**What is required:** Set down a faithful copy of every record, and skip the pictures in it.

[Data to use — start]

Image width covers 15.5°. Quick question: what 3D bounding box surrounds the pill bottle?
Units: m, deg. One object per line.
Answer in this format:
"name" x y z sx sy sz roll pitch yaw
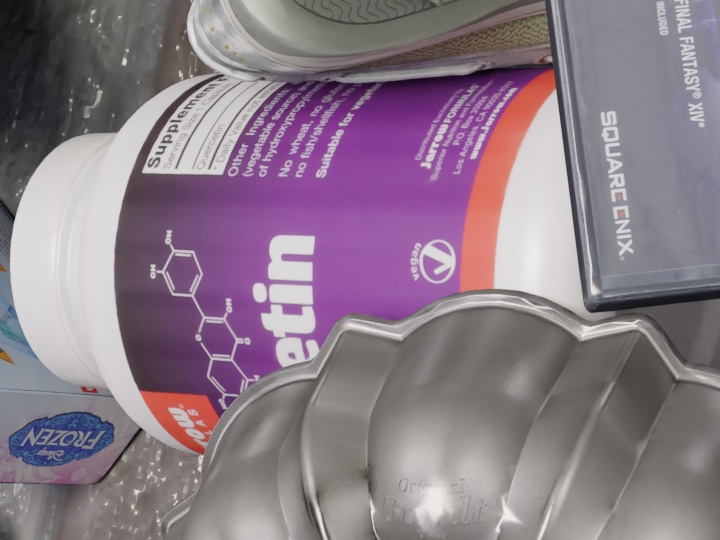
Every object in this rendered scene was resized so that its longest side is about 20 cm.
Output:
"pill bottle" 0.000 0.000 0.746 0.199 0.112 0.113 1 85 35

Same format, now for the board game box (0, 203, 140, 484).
"board game box" -0.188 -0.016 0.825 0.041 0.199 0.200 -52 59 19

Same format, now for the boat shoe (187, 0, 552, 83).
"boat shoe" 0.053 -0.089 0.695 0.065 0.201 0.075 144 109 -69

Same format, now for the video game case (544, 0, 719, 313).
"video game case" 0.144 -0.072 0.646 0.198 0.019 0.144 -6 79 -1

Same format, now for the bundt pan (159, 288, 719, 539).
"bundt pan" 0.030 0.112 0.642 0.200 0.076 0.204 5 107 16
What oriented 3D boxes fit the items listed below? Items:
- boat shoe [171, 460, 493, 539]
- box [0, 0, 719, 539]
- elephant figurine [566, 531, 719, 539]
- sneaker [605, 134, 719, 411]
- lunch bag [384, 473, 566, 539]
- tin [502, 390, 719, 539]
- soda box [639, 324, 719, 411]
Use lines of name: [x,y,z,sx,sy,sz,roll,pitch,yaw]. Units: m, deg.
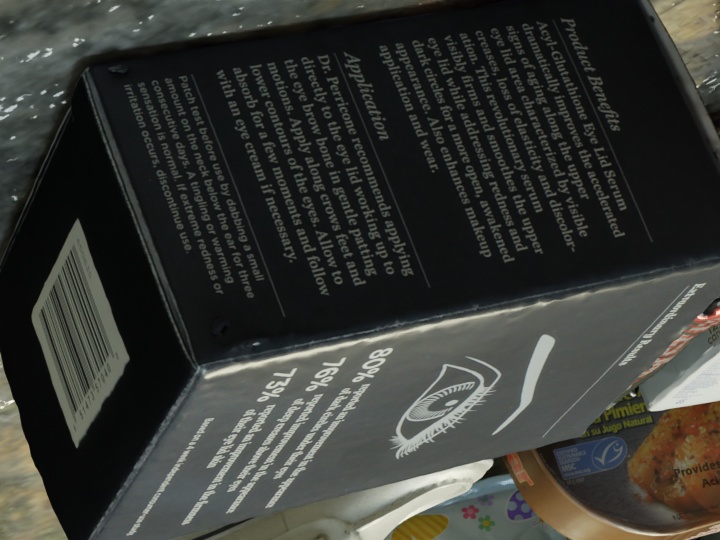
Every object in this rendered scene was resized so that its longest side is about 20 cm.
boat shoe: [-0.026,0.130,1.165,0.200,0.070,0.071,-21,160,-2]
box: [0.000,0.000,0.813,0.200,0.104,0.148,-11,157,-27]
elephant figurine: [0.206,0.098,1.198,0.200,0.155,0.141,1,176,-25]
sneaker: [0.101,0.007,0.984,0.200,0.071,0.098,-25,159,15]
lunch bag: [0.004,0.199,1.298,0.200,0.127,0.170,-9,155,-13]
tin: [0.148,0.057,1.098,0.200,0.112,0.042,-10,164,-28]
soda box: [0.201,0.005,1.082,0.200,0.068,0.064,-6,154,-35]

[Data to use — finish]

**Answer below:**
Image width covers 15.5°. Quick question: what 3D bounding box surrounds the pill bottle?
Units: m, deg. One object per line.
Answer in this format:
"name" x y z sx sy sz roll pitch yaw
Every object in this rendered scene was resized so that its longest side is about 20 cm.
Output:
"pill bottle" 0.000 0.000 0.746 0.199 0.112 0.113 1 85 35

Same format, now for the board game box (0, 203, 140, 484).
"board game box" -0.188 -0.016 0.825 0.041 0.199 0.200 -52 59 19

Same format, now for the boat shoe (187, 0, 552, 83).
"boat shoe" 0.053 -0.089 0.695 0.065 0.201 0.075 144 109 -69

Same format, now for the video game case (544, 0, 719, 313).
"video game case" 0.144 -0.072 0.646 0.198 0.019 0.144 -6 79 -1

Same format, now for the bundt pan (159, 288, 719, 539).
"bundt pan" 0.030 0.112 0.642 0.200 0.076 0.204 5 107 16
What oriented 3D boxes fit the items listed below? Items:
- boat shoe [171, 460, 493, 539]
- box [0, 0, 719, 539]
- elephant figurine [566, 531, 719, 539]
- sneaker [605, 134, 719, 411]
- lunch bag [384, 473, 566, 539]
- tin [502, 390, 719, 539]
- soda box [639, 324, 719, 411]
Use lines of name: [x,y,z,sx,sy,sz,roll,pitch,yaw]. Units: m, deg.
Every object in this rendered scene was resized so that its longest side is about 20 cm.
boat shoe: [-0.026,0.130,1.165,0.200,0.070,0.071,-21,160,-2]
box: [0.000,0.000,0.813,0.200,0.104,0.148,-11,157,-27]
elephant figurine: [0.206,0.098,1.198,0.200,0.155,0.141,1,176,-25]
sneaker: [0.101,0.007,0.984,0.200,0.071,0.098,-25,159,15]
lunch bag: [0.004,0.199,1.298,0.200,0.127,0.170,-9,155,-13]
tin: [0.148,0.057,1.098,0.200,0.112,0.042,-10,164,-28]
soda box: [0.201,0.005,1.082,0.200,0.068,0.064,-6,154,-35]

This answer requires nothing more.